Saturday, April 30: Bradbury Mountain State Park.


With migration at a standstill, there were few migrants in the early-spring woods this morning. However, we took the time to workshop some of our earliest arrivals, getting in some good practice before the floodgates open in the coming weeks.


PINE WARBLERS (3) and CHIPPING SPARROWS (6+) provided ample time to study the songs of these two common trillers. We heard several variations, and often positioned ourselves between the two species to carefully study the differences. We also saw a few really, really well.


It was also a good morning for a lesson in woodpeckers: 1 great look at a migrant YELLOW-BELLIED SAPSUCKER near resident HAIRY and DOWNY WOODPECKERS, with one RED-BELLIED WOODPECKER heard calling several times.
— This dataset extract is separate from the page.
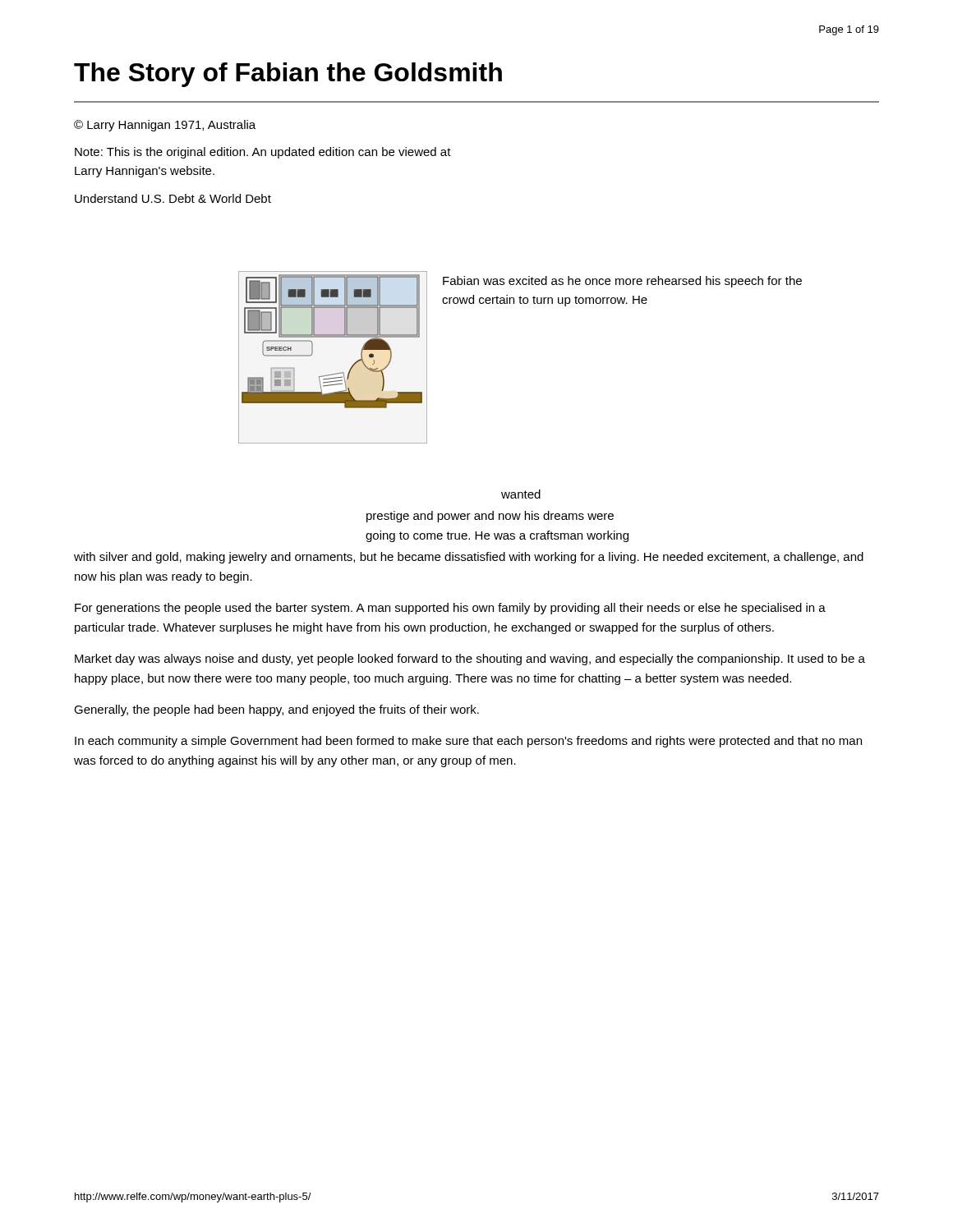The height and width of the screenshot is (1232, 953).
Task: Select the text block that says "© Larry Hannigan"
Action: pyautogui.click(x=165, y=124)

A single HERMIT THRUSH and 3 YELLOW-RUMPED WARBLERS were the only other passerine migrants, while overhead a single SHARP-SHINNED HAWK and BROAD-WINGED HAWK prepped us for the upcoming hawkwatch workshop. Plenty of resident birds, such as BLACK-CAPPED CHICKADEES (10+), TUFTED TITMICE (4+), and a pair each of RED-BREASTED and WHITE-BREASTED NUTHATCHES.


Sunday, May 1: Wolfe's Neck Woods State Park.


On our traditional special Sunday morning outing as part of the weekend, a very light migration overnight did provide a few new arrivals in the woods, led by a total of 6 BLUE-HEADED VIREOS. We split into two groups today, thanks to a great turnout, and Jeannette and I traded off routes when we met each other in the middle. Hopefully, everyone had a chance to see what both routes had to offer.


A GREAT EGRET and a NORTHERN HARRIER were spotted out over the bay, approaching the neck, both in active visible migration. Hard to say if the two COOPER'S HAWKS and two BROAD-WINGED HAWKS were local or migrants, however, but the multitudes of OSPREY were all here to breed. One group even watched a male break a large stick off of a tree with a surprisingly loud snap, while the other group saw another male bringing finishing material to his mate on her nest.


We practiced "trillers" once again, with ample PINE WARBLERS (9) and several CHIPPING SPARROWS (4+). We had many more YELLOW-RUMPED WARBLERS (11), EASTERN PHOEBES (6), and HERMIT THRUSHES (3), today, and both groups were treated to great views of quite a few GOLDEN-CROWNED KINGLETS (9+).


Meanwhile, out on the bay, resident COMMON EIDERS (~25) were joined by the last of the wintering waterfowl: about 40 WHITE-WINGED SCOTERS, 30 BUFFLEHEADS, and 6 RED-BREASTED MERGANSERS.


As always, it was a nice diverse mix of birds with a few good instructional moments - exactly our goal for the Birdwatching Weekend!